Bartosz Radaczyński
Bartosz Radaczyński

Reputation: 18574

What garbage collectors are there available for C++?

What garbage collectors are there available for C++? Are you using any of them? With what results?

Upvotes: 6

Views: 731

Answers (6)

Nemanja Trifunovic
Nemanja Trifunovic

Reputation: 24557

You can find several implementations here. I have never tried any of them and in general I find a non-deterministic GC causing more harm than good.

Upvotes: 2

Randolpho
Randolpho

Reputation: 56448

There's always, ahem: C++/CLI -- C++ for the .NET Framework. Pretty good garbage collection there. :p

Although, to be honest, with all the syntactic sugar they put in there, you could almost consider it a whole new language that just happens to work with C/C++ fairly well.

If you're not married to C++ as a language, you could also look into D, which compiles to native code like C++ (and unlike C++/CLI) but also has garbage collection.

Upvotes: 2

Philippe Payant
Philippe Payant

Reputation: 134

The Boehm garbage collector is pretty good for C, but tricky to use under C++. Check the "C++ interface" section at http://www.hpl.hp.com/personal/Hans_Boehm/gc/gcinterface.html.

My opinion is that if you need garbage collection, choose a langage that has it built-in.

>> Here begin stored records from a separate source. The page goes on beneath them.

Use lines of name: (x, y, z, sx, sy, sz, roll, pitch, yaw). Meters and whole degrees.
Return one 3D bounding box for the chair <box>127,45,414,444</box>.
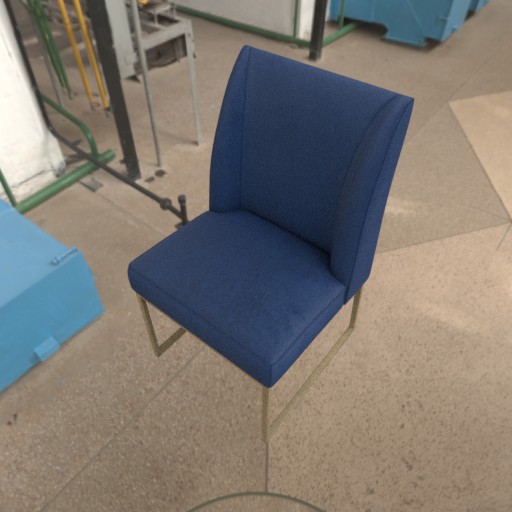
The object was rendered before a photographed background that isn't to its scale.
chair: (0.000, 0.000, 1.209, 0.508, 0.863, 0.522, 30, 53, 26)
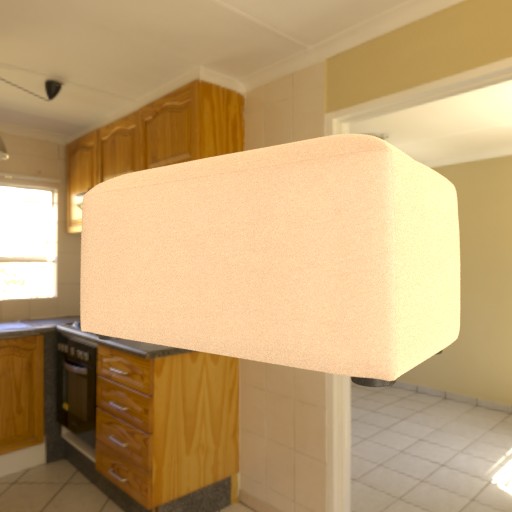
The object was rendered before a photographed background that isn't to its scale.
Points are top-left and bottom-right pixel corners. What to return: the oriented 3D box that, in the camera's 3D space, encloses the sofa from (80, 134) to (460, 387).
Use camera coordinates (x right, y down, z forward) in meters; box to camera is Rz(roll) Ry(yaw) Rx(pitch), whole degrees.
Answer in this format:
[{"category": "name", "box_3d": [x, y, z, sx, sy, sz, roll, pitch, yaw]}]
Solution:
[{"category": "sofa", "box_3d": [0.000, 0.000, 1.189, 0.930, 0.470, 0.480, 0, -1, 37]}]
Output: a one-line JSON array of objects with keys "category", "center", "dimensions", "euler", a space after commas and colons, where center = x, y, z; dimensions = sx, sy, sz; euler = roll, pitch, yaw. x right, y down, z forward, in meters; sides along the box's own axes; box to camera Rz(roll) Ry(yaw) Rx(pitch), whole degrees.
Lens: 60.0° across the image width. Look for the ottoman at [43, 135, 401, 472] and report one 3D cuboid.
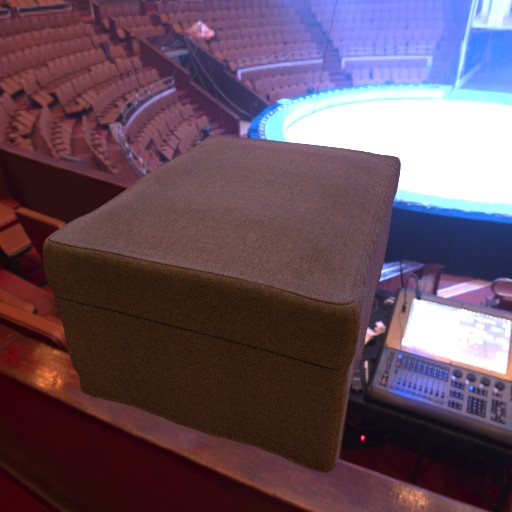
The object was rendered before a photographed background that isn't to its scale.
[{"category": "ottoman", "center": [0.000, 0.000, 1.210], "dimensions": [0.652, 0.492, 0.833], "euler": [11, 33, 17]}]
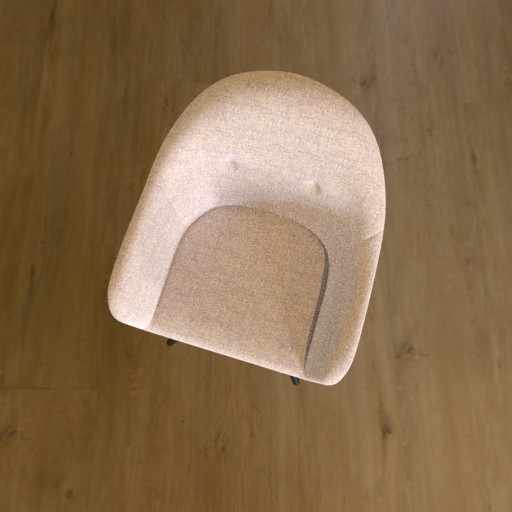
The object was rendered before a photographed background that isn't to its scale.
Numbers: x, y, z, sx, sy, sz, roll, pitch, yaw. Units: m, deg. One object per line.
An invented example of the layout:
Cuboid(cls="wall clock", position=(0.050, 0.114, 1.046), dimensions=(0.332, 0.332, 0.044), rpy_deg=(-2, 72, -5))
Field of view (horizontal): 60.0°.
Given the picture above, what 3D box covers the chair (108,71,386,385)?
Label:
Cuboid(cls="chair", position=(0.000, 0.000, 1.162), dimensions=(0.540, 0.780, 0.570), rpy_deg=(16, 76, 4))
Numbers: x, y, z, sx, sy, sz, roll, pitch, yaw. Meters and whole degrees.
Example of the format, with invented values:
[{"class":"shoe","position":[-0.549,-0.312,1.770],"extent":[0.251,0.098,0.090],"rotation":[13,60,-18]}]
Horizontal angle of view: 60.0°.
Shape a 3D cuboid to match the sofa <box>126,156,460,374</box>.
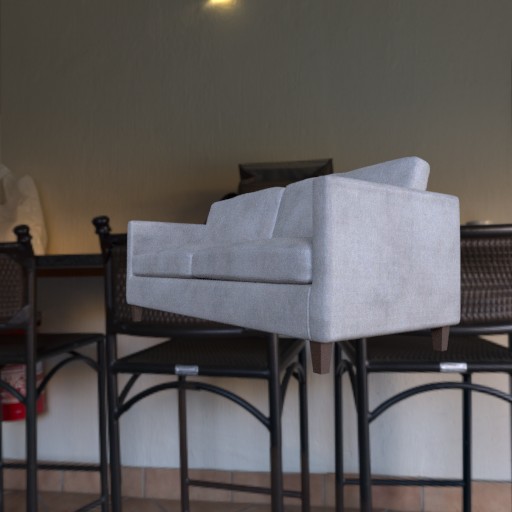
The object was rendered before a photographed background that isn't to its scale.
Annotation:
[{"class":"sofa","position":[0.000,0.000,2.803],"extent":[0.951,0.965,2.208],"rotation":[1,-2,-36]}]
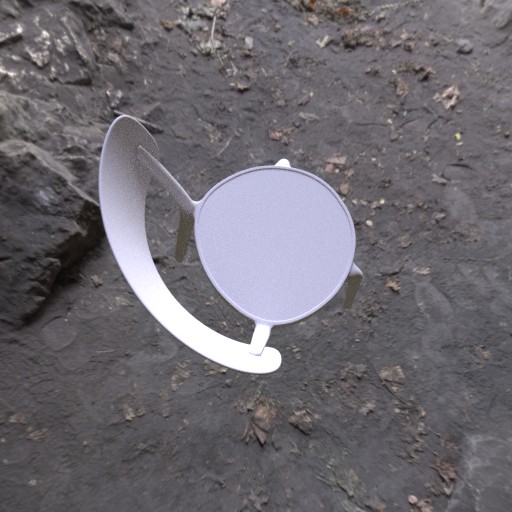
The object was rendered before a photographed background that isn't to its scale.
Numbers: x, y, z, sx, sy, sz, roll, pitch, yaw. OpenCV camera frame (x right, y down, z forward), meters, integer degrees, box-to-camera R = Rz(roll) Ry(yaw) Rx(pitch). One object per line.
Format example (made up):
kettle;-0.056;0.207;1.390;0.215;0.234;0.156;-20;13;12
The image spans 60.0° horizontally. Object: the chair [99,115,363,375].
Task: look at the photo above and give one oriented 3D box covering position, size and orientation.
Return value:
chair;0.000;0.000;1.104;0.491;0.790;0.506;-30;78;-7
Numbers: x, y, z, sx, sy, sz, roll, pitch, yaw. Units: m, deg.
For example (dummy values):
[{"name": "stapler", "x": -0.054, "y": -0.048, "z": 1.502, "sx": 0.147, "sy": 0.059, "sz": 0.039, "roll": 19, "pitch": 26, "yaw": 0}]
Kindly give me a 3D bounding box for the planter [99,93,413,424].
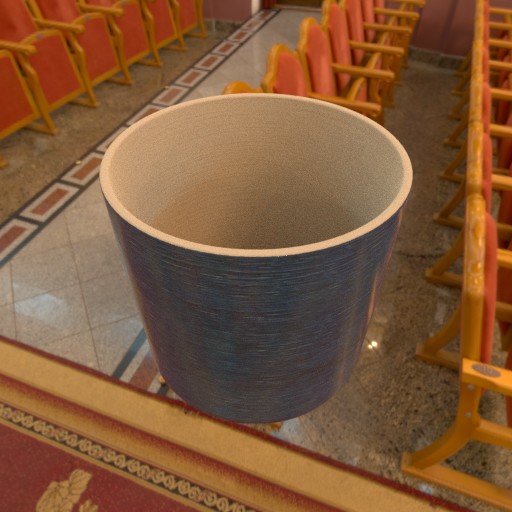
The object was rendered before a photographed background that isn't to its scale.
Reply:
[{"name": "planter", "x": 0.000, "y": 0.000, "z": 0.391, "sx": 0.221, "sy": 0.201, "sz": 0.221, "roll": 0, "pitch": 42, "yaw": 0}]
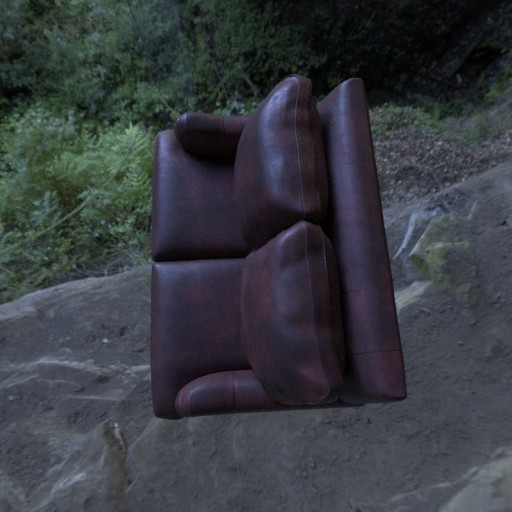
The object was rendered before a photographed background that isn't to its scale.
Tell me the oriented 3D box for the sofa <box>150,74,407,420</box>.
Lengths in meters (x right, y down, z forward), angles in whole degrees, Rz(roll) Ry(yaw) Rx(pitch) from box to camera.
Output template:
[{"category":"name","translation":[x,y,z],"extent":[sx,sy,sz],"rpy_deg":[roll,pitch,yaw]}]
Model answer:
[{"category":"sofa","translation":[0.000,0.000,2.385],"extent":[1.148,1.070,1.628],"rpy_deg":[-3,74,-1]}]
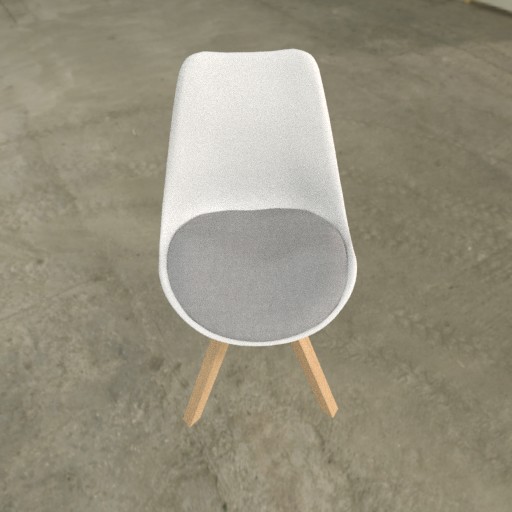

The best general solution for C++ is shared pointers (from boost for example) with you dealing with circular dependencies. There are two things you can do: 1. design the thing with no circular dependencies 2. design the thing with a 'linch-pin' that breaks the circle to allow reclamation of the objects

Either you deal with real bad, convoluted, hard to debug problems with a garbage collector for C++ or you deal with the simpler classical problem of freeing your objects when you are done with them.

Upvotes: 5

Luc Hermitte
Luc Hermitte

Reputation: 32986

Several C++ GC are listed on wikipedia.

However, I don't use any, RAII is also my friend.

Upvotes: 5

rmeador
rmeador

Reputation: 25724

The Boost library includes some shared_ptr stuff that basically acts as a reference counting garbage collector. If you embrace the RAII principle of C++ design, that and auto_ptr will fill your need for a "garbage collector".

Upvotes: 6

Harper Shelby
Harper Shelby

Reputation: 16581

The only one I've heard of personally is the Boehm garbage collector I'm sure others exist, but I've not dealt with them (or looked for them either).